Show unit dependency tree.

systemd_dependencies({
  unit: string,
  direction?: "requires" | "wanted_by" | "both"
})

`systemd_cat_unit`

View unit file contents (v0.3.0).

systemd_cat_unit({
  unit: string  // e.g., "nginx" or "nginx.service"
})

Returns:

{
  "unit": "nginx.service",
  "content": "# /usr/lib/systemd/system/nginx.service\n[Unit]\nDescription=...",
  "lines": 24
}

Resource Monitoring (v0.4.0)

`systemd_unit_resources`

Get current resource usage snapshot.

systemd_unit_resources({
  unit: string
})

Returns memory, CPU time, tasks, network I/O, disk I/O with human-readable formatting.

`systemd_sample_resources`

Sample resource usage over time and calculate trends.

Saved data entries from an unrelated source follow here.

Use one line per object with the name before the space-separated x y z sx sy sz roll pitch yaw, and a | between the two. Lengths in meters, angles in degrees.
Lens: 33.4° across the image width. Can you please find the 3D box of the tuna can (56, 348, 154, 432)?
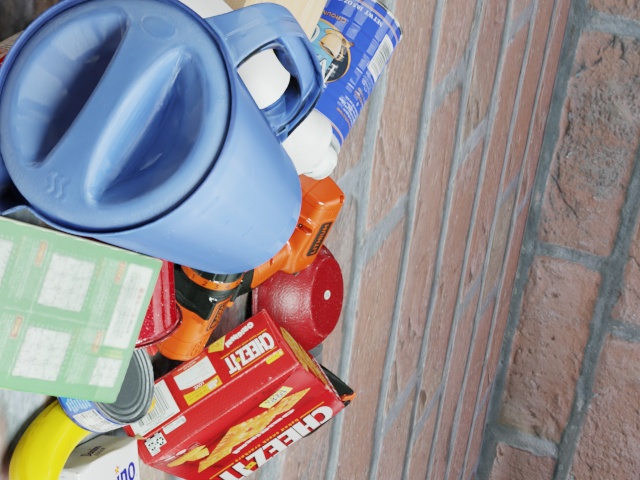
tuna can | -0.169 0.105 0.830 0.086 0.034 0.086 44 35 -43

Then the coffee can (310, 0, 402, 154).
coffee can | 0.003 -0.164 1.033 0.140 0.103 0.102 -61 159 -14

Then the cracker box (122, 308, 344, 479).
cracker box | -0.077 0.161 1.022 0.164 0.072 0.213 -34 157 0

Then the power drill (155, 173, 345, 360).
power drill | -0.056 0.001 0.905 0.187 0.057 0.185 -34 161 -49

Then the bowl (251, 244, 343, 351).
bowl | -0.016 0.062 1.216 0.161 0.055 0.162 4 90 -65

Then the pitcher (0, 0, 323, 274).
pitcher | -0.077 -0.053 0.650 0.242 0.149 0.145 41 61 -76

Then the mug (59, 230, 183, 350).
mug | -0.149 0.020 0.806 0.117 0.093 0.081 -70 163 -63

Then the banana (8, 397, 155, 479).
banana | -0.191 0.154 0.837 0.069 0.037 0.197 65 25 -15

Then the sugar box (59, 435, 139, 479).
sugar box | -0.185 0.261 0.890 0.093 0.048 0.176 -19 109 -68

systemd_sample_resources({
  unit: string,
  samples?: number,      // 2-10, default: 5
  interval_ms?: number   // 100-5000, default: 1000
})

Returns:

{
  "unit": "nginx.service",
  "sampling": { "samples": 5, "interval_ms": 1000, "duration_ms": 4000 },
  "cpu": { "delta_ns": 12500000, "percent": 0.31 },
  "memory": {
    "min": 45678592, "max": 46123008, "avg": 45900800,
    "stable": true
  },
  "io": { "read_rate_human": "1.2 KB/s", "write_rate_human": "0 B/s" },
  "network": { "ingress_rate_human": "4.5 KB/s", "egress_rate_human": "2.1 KB/s" }
}

Journal/Logs

`systemd_journal_query`

Query journal with filters.

systemd_journal_query({
  unit?: string | string[],
  since?: string,        // "-1h", "-30m", "2025-12-29", ISO timestamp
  until?: string,
  priority?: "emerg" | "alert" | "crit" | "err" | "warning" | "notice" | "info" | "debug",
  grep?: string,         // filter log content
  limit?: number,        // max lines (default: 100)
  output?: "short" | "json" | "verbose"
})

`systemd_journal_tail`

Stream recent/live logs. Async streaming supported.

systemd_journal_tail({
  unit: string,
  lines?: number,     // initial lines (default: 50)
  follow?: boolean    // live tail (default: false)
})

`systemd_boot_log`

Important events from current boot.

systemd_boot_log({
  priority?: "err" | "warning" | "notice",  // minimum priority
  limit?: number
})

Actions

`systemd_start`

Start unit(s). Requires start_stop permission.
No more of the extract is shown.